TASK DIRECTIONS:
Look through the data that follows and copy each line with the string "whole".

INPUT DATA:
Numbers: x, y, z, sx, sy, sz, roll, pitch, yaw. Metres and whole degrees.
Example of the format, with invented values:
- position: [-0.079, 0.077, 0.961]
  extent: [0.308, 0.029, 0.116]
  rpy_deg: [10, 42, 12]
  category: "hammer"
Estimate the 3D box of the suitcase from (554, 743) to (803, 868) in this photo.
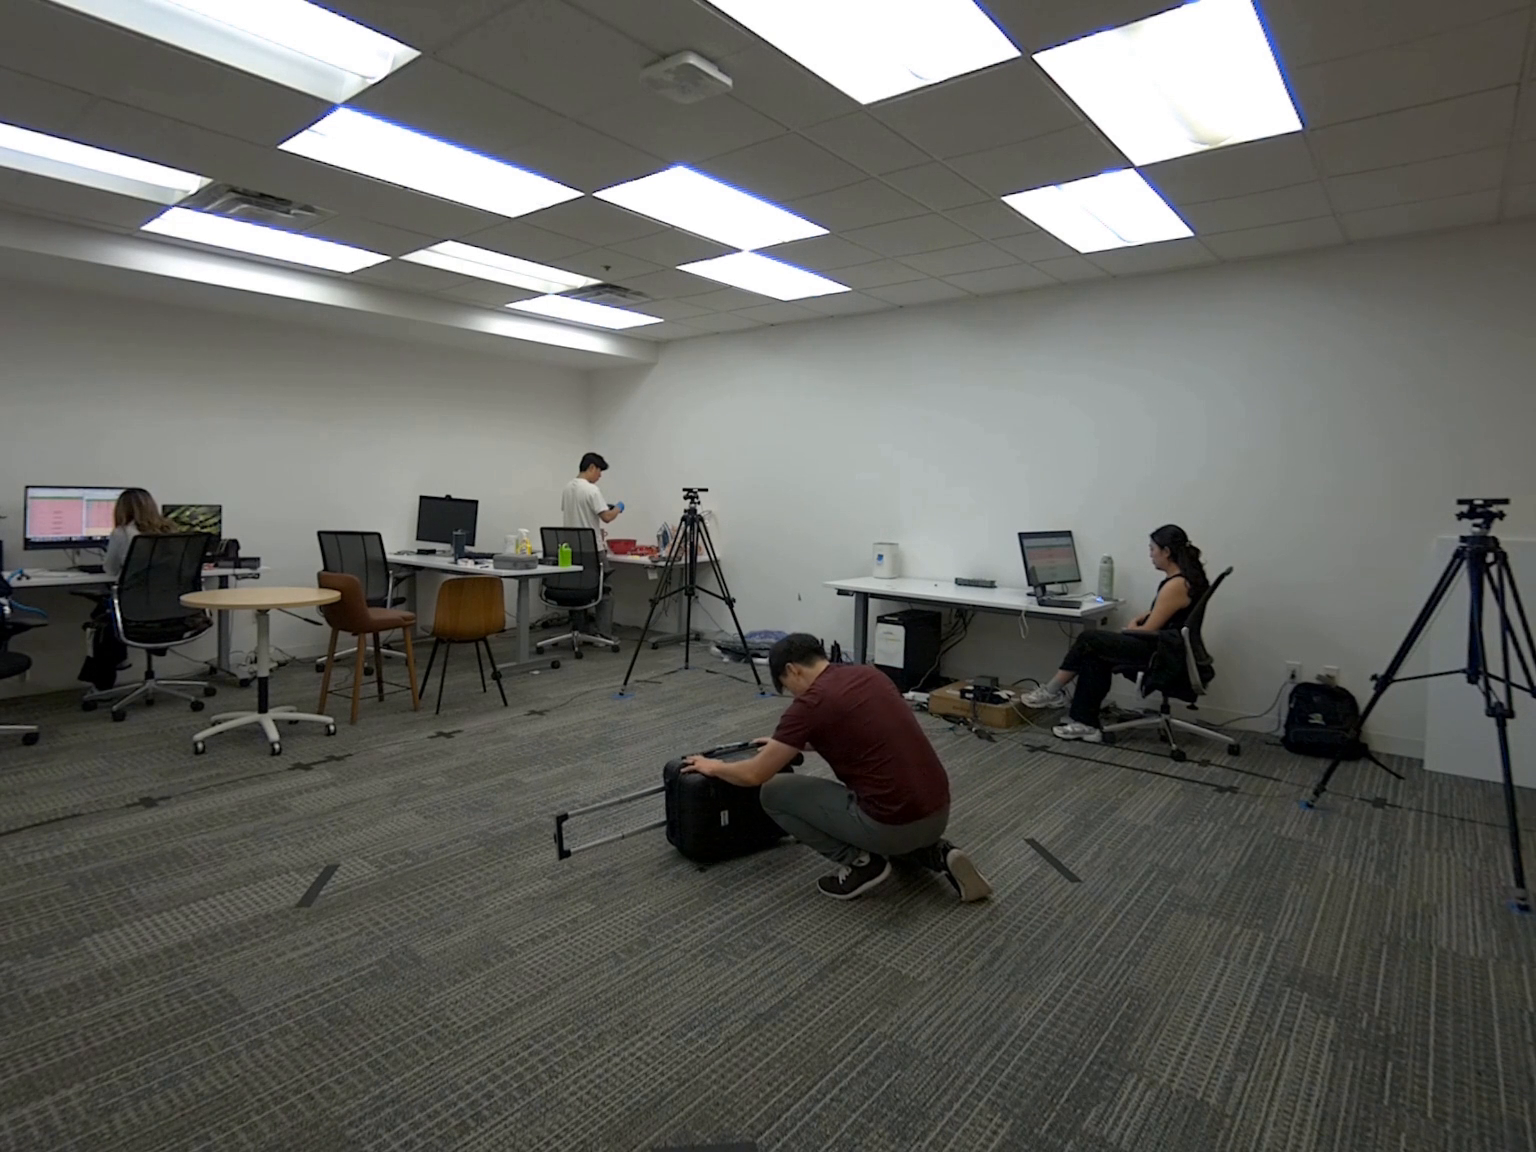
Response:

---

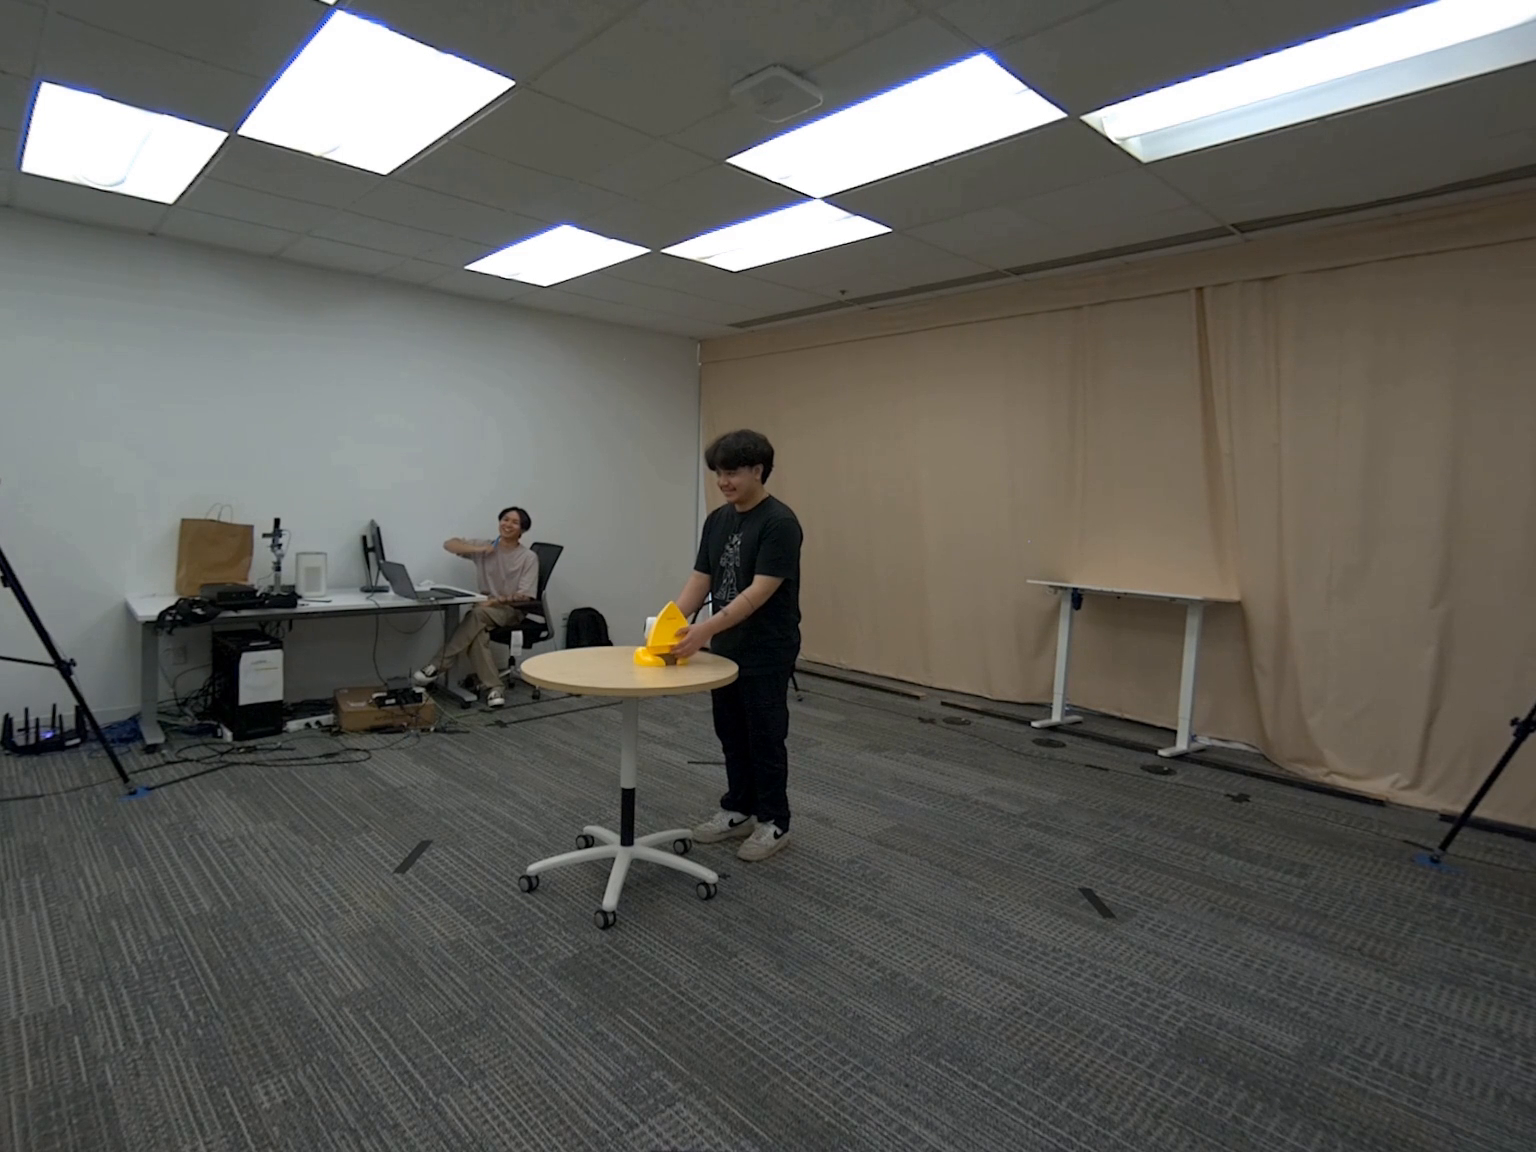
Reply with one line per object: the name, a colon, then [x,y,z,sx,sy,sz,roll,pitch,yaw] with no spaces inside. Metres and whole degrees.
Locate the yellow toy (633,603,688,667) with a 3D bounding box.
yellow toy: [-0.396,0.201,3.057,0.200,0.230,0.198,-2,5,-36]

RESULT OF THIS EXERCISE:
Numbers: x, y, z, sx, sy, sz, roll, pitch, yaw. Metres and whole degrees.
Reply with one line per object: the name, a colon, then [x,y,z,sx,sy,sz,roll,pitch,yaw] with no spaces inside. Metres and whole degrees.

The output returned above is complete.